A co-founder of Truth Social’s media parent company was forced off the board of the firm after he ignored demands by Donald Trump to gift a few of his stock to Melania Trump, a whistleblower has told The Washington Post.
Trump pushed for the giveaway to his wife despite the fact that he had already been given 90% of the stock within the Trump Media & Technology Group (TMTG) in exchange for the usage of his name and another “minor involvement,” former company executive Will Wilkerson told the Post.
The corporate co-founder reportedly dodged the request, telling Trump that it would depart him with a tax bill he couldn’t pay. “Do whatever it’s essential do,” Trump snapped back, in response to Wilkerson.
He was forced off the board five months later in what Wilkerson believes was payback for failing to show over a “small fortune” to Melania Trump, the newspaper reported Saturday.
The incident was one among a series of bombshell revelations supported by several documents viewed by the newspaper about bitter infighting within the Trump business, technical screwups, questionable financial representations, and what Wilkerson insisted were violations of Securities and Exchange regulations, in response to the Post.

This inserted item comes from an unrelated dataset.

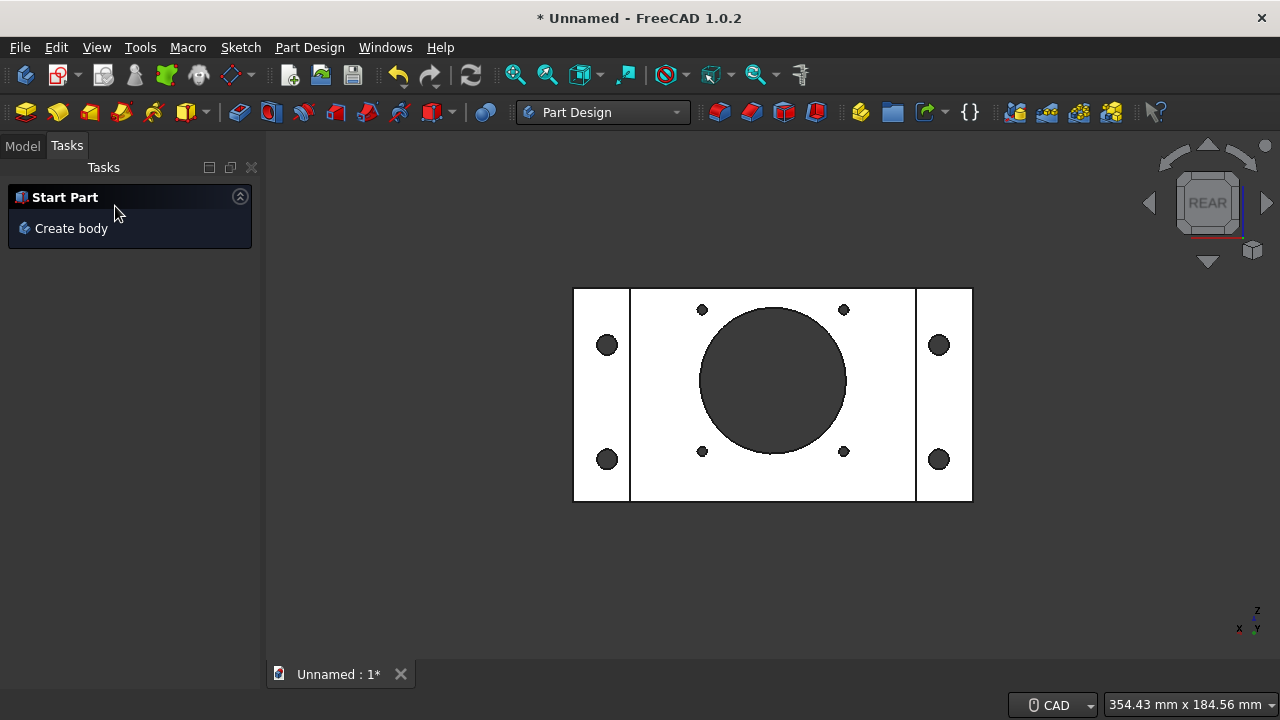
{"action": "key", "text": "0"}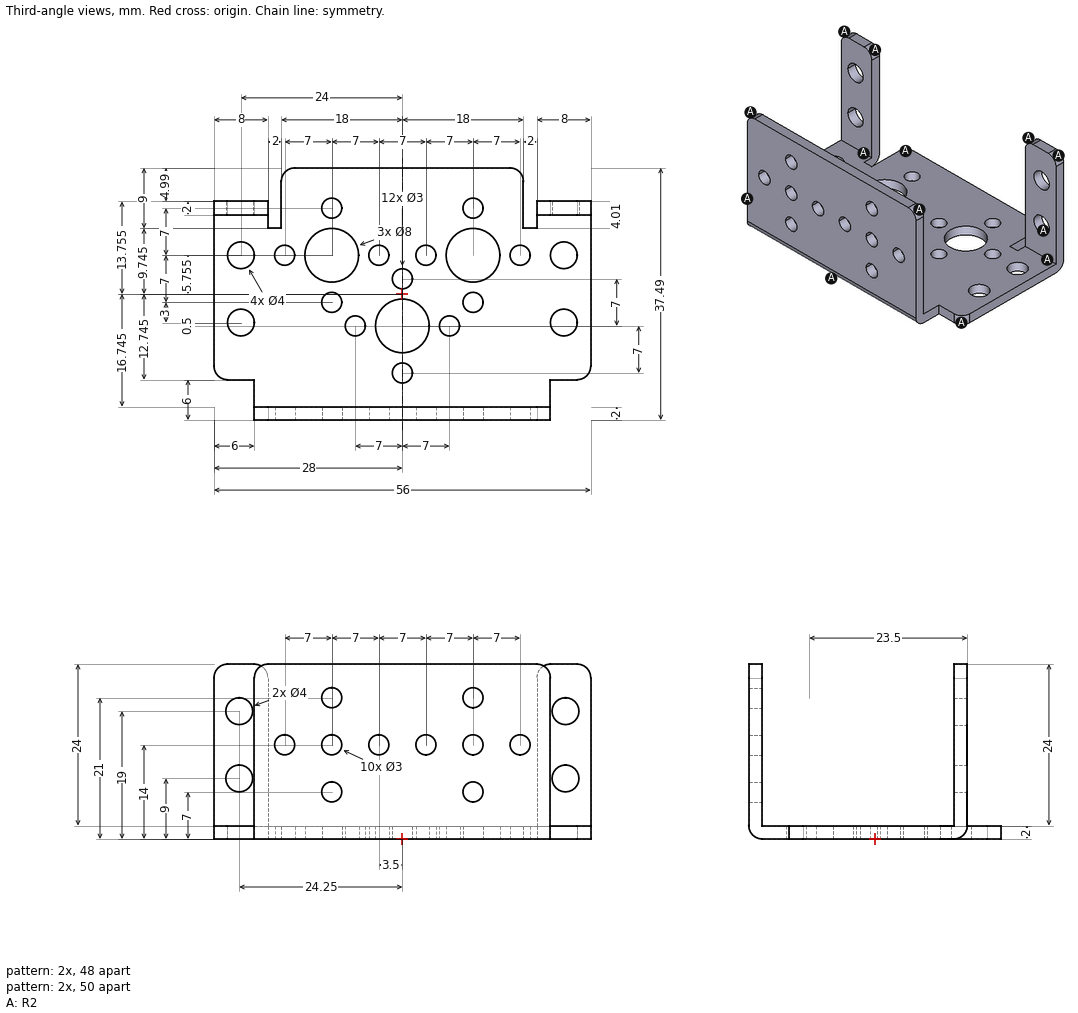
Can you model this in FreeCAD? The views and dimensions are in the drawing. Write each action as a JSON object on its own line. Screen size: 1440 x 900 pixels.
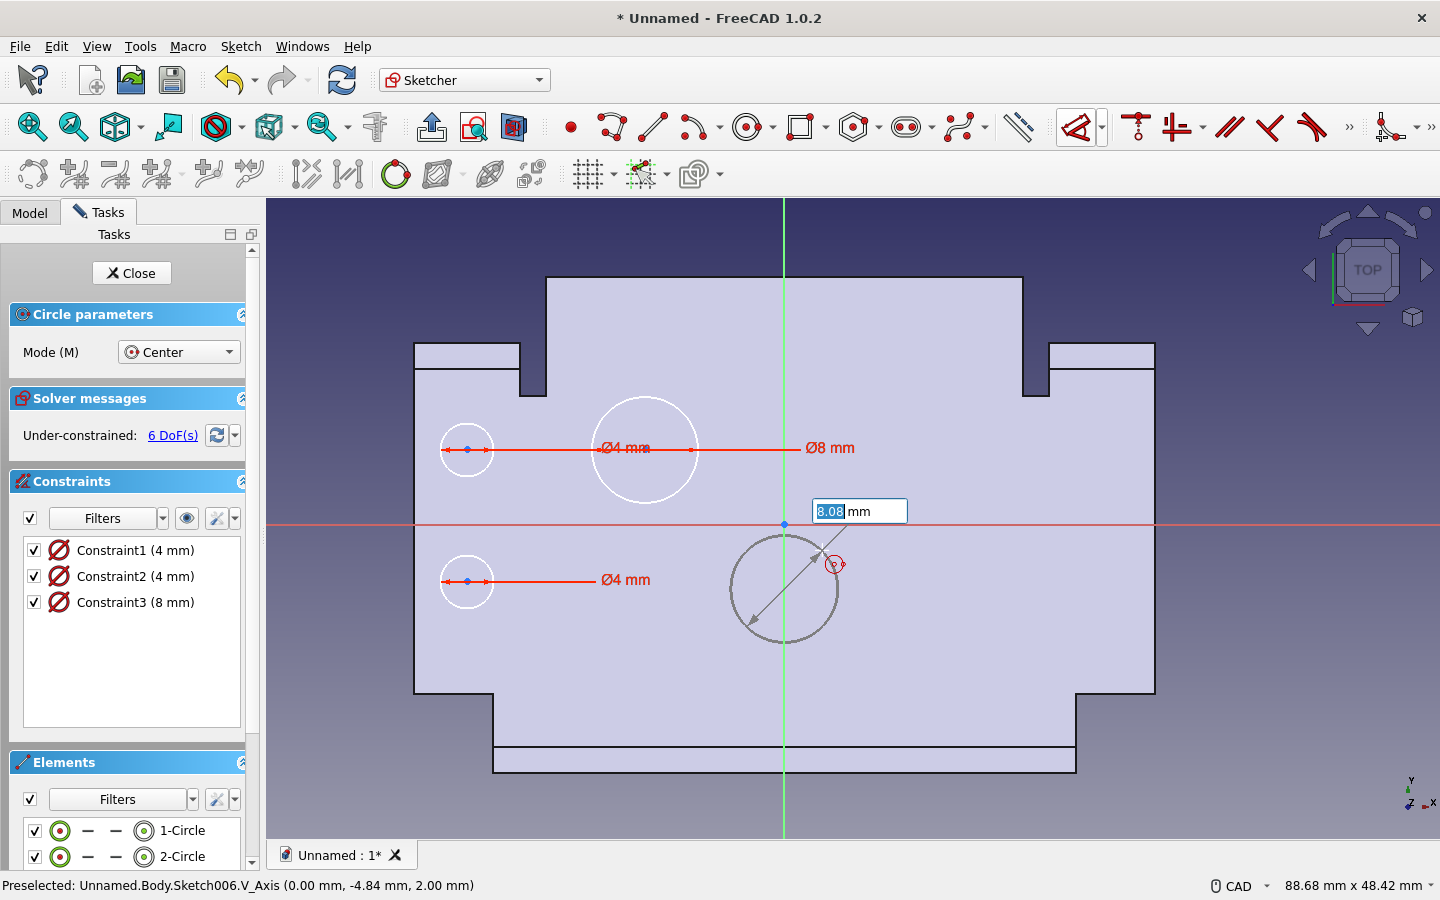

Wilkerson submitted a whistleblower criticism to the Securities and Exchange Commission in August regarding the corporate. Wilkerson’s attorney’s told the newspaper that he can also be cooperating with current investigations into Trump Media by the SEC and by federal prosecutors from the Southern District of Latest York.
Wilkerson was fired from his job Thursday as TMTG senior vice chairman of operations after he spoke to The Post.

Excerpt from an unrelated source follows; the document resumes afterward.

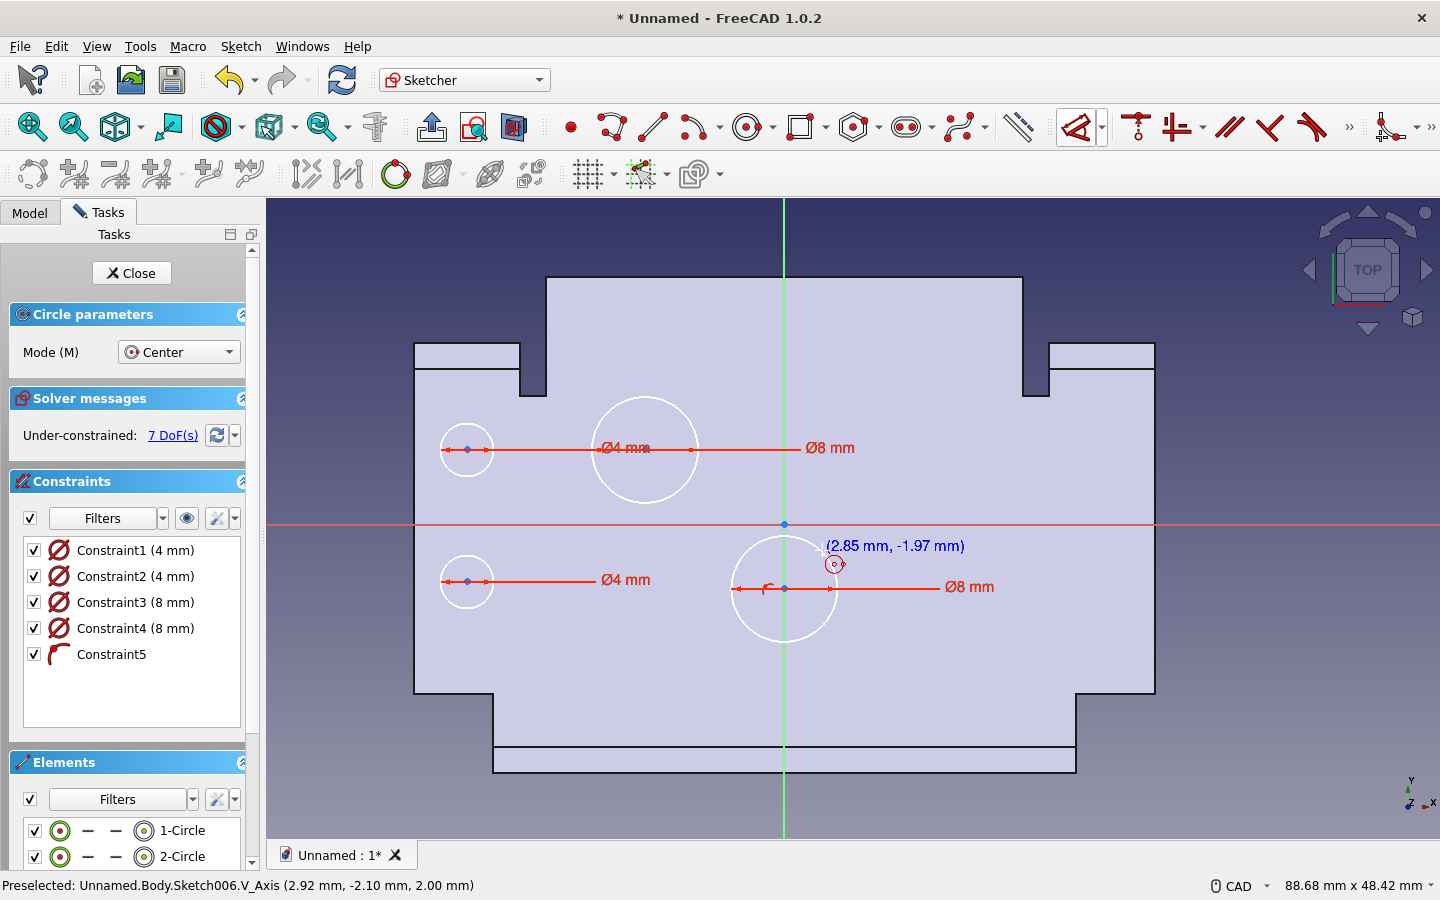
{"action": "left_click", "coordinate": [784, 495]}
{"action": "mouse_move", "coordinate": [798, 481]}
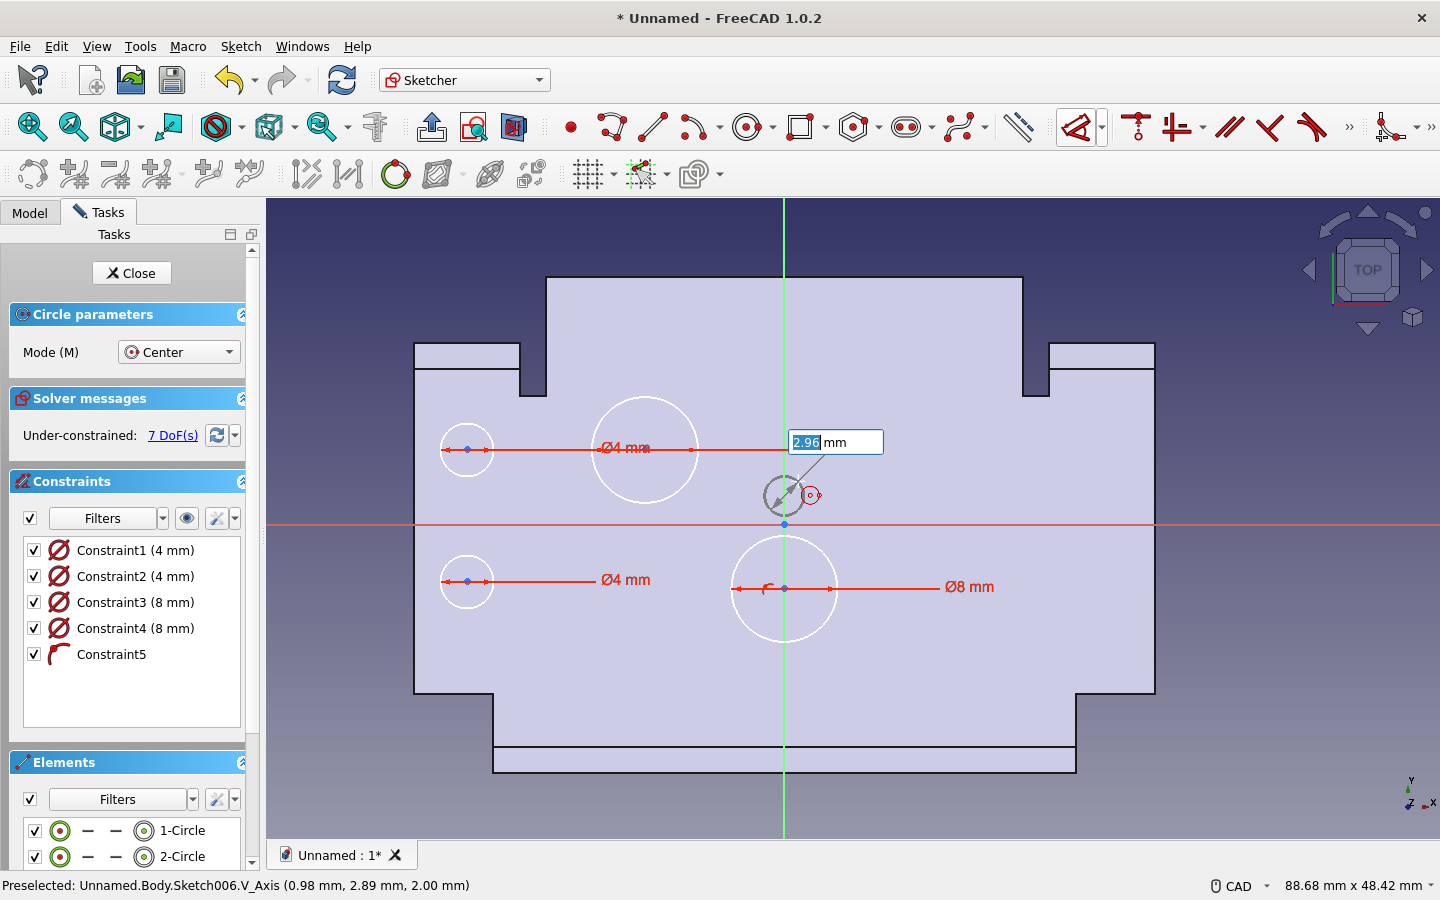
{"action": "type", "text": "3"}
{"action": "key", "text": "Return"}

Trump Media said in an announcement responding to several specific questions from the Post regarding Wilkerson’s information that Trump as company chairman had hired former California Republican congressman Devin Nunes as CEO to “create a culture of compliance and construct a world-class team to guide Truth Social.”
The statement complained that the Post “sent us an inquiry rife with knowingly false and defamatory statements and other concocted psychodramas.”
It didn’t specifically address any of the Post’s questions, in response to the newspaper.
The brand new information follows a lengthening list of bad news for Trump’s Truth Social and media enterprise.
Digital World Acquisition Corp. — the special purpose acquisition company (SPAC) that Truth Social must go public — revealed in a Securities and Exchange Commission filing last month that investors had already backed out of $139 million in commitments of the $1 billion previously announced by the corporate.
There’s likely more to return. Investors, who agreed to place up the cash nearly a 12 months ago, can now drop their commitments because Digital World missed its initial Sept. 20 deadline to merge with Trump Media. That deadline was prolonged by three months after shareholders refused to approve its bid for a 12-month extension. But investors can still pull out.
A significant web-hosting operator complained in August that Truth Social owed about $1.6 million in contractually obligated payments, an allegation suggesting the operation’s funds are in “significant disarray,” Fox Business News reported.
Trump insisted last month that he was unconcerned about any Truth Social money woes because, he explained, “I’m really wealthy,” he posted on the social media platform. “I don’t need financing.”
Yet in the subsequent sentence he asked: “Private company, anyone???” in what seemed to be an invite to investors.